Photography by Lisa Schaffer.
Philadelphia's Ensemble Novo celebrates the windswept melodies and perpetual-motion rhythms of Brazil. The five-piece band explores samba, bossa nova and Musica Popular Brazil through the language of improvisation, creating a sound that’s simultaneously propulsive and chill.
Ensemble Novo was formed by by music journalist and saxophonist Tom Moon, a former staffer at the Philadelphia Inquirer, longtime contributor to NPR’s All Things Considered and author of The New York Times bestseller 1000 Recordings To Hear Before You Die. The five-piece band was initially inspired by Stan Getz’s landmark bossa nova collaborations of the 1960s. As the group has evolved, its catalog of songs has grown to include expansive updates of early samba classics, sentimental radio ballads and progressive regional styles from Northeast Brazil. This Is Ensemble Novo, the band’s most recent EP, includes a lush string-orchestra treatment of the bossa nova classic “O Grande Amor,” and a hypnotic expansion of Edu Lobo’s fusion-era samba “Ponteio.”

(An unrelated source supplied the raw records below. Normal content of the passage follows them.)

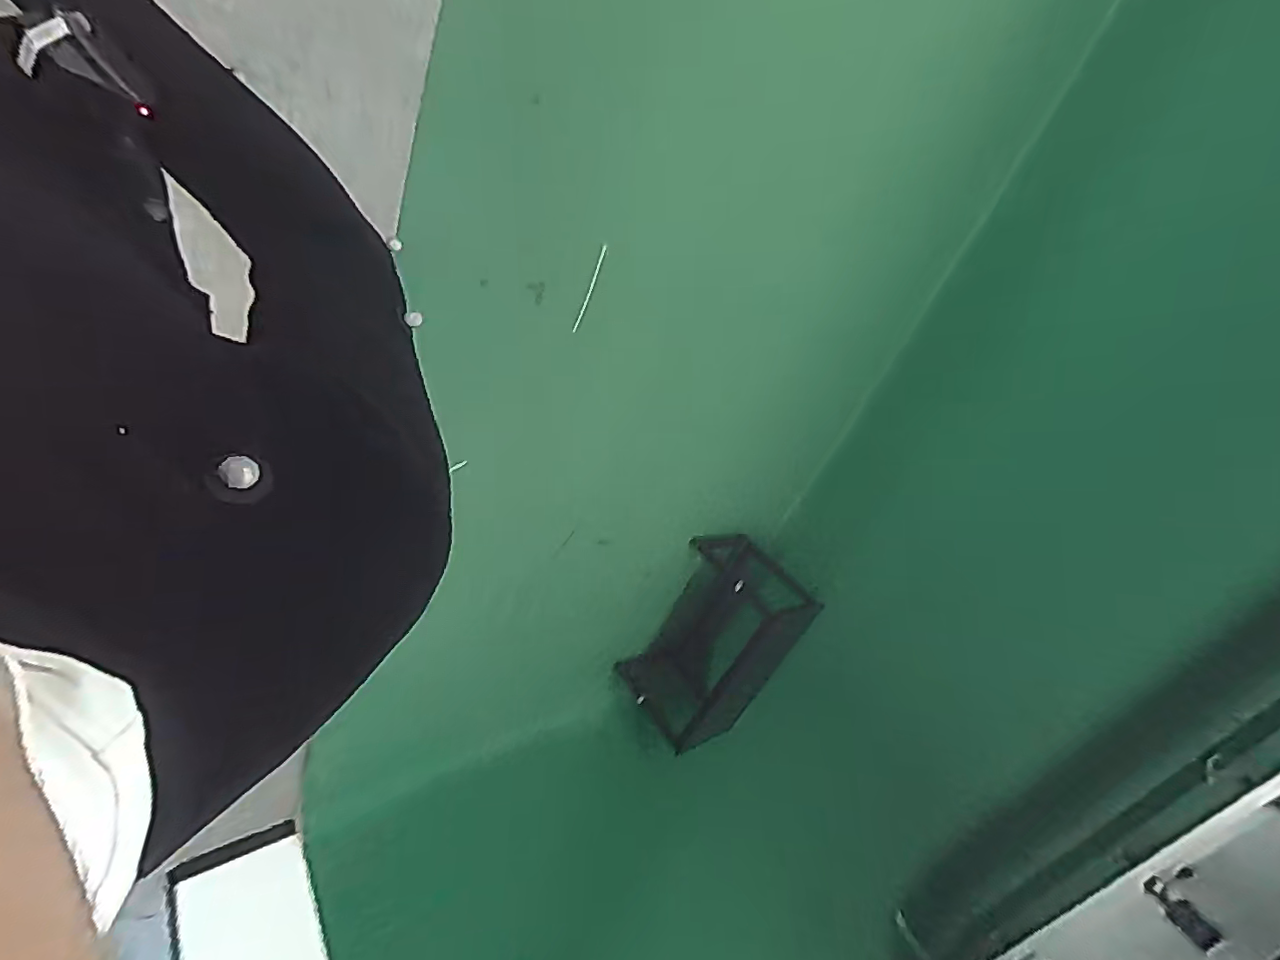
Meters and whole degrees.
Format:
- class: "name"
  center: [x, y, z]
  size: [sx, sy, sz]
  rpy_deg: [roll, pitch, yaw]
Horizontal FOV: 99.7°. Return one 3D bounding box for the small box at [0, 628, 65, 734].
- class: "small box"
  center: [-1.483, 0.470, 1.264]
  size: [0.168, 0.176, 0.179]
  rpy_deg: [-7, 131, -39]

Photography by Lisa Schaffer.
The roots of Ensemble Novo can be traced to a chance encounter at a jam session. Moon suggested a bossa nova, and guitarist Ryan McNeely, who was in his last semester in the music school at Temple University and had spent much of his college years studying Brazilian music, said "Which one?" McNeely and Moon began playing regularly, and pretty soon – after McNeely returned from his first visit to Brazil – Ensemble Novo was up and running with percussionist Jim Hamilton, a founding member of the popular Philly drum corps Alo Brazil, and vibraphonist Behn Gillece, an outstanding player and bandleader in his own right. Since its 2013 debut Blue Night, Ensemble Novo has released a series of acclaimed EPs, including Look To The Sky (2016) and Carinhoso (2021).
Whether playing originals or covers of alluring gems by Antonio Carlos Jobim, Egberto Gismonti, Ary Barroso or Milton Nascimento, Ensemble Novo creates a romantic ambience – the crystalline clarity of the vibraphone crossed with the husky introspection of tenor saxophone, the warmth of nylon string guitar woven into the crisp pulse of samba percussion. As is true of so much from Brazil, this is music that encourages dancing, but is equally suited to contemplative listening.
The Key, WXPN-FM’s music blog, described Ensemble Novo's music as “an inviting space of easygoing comfort, balmy and completely entrancing with rustling percussion and vibrantly subdued melodies.”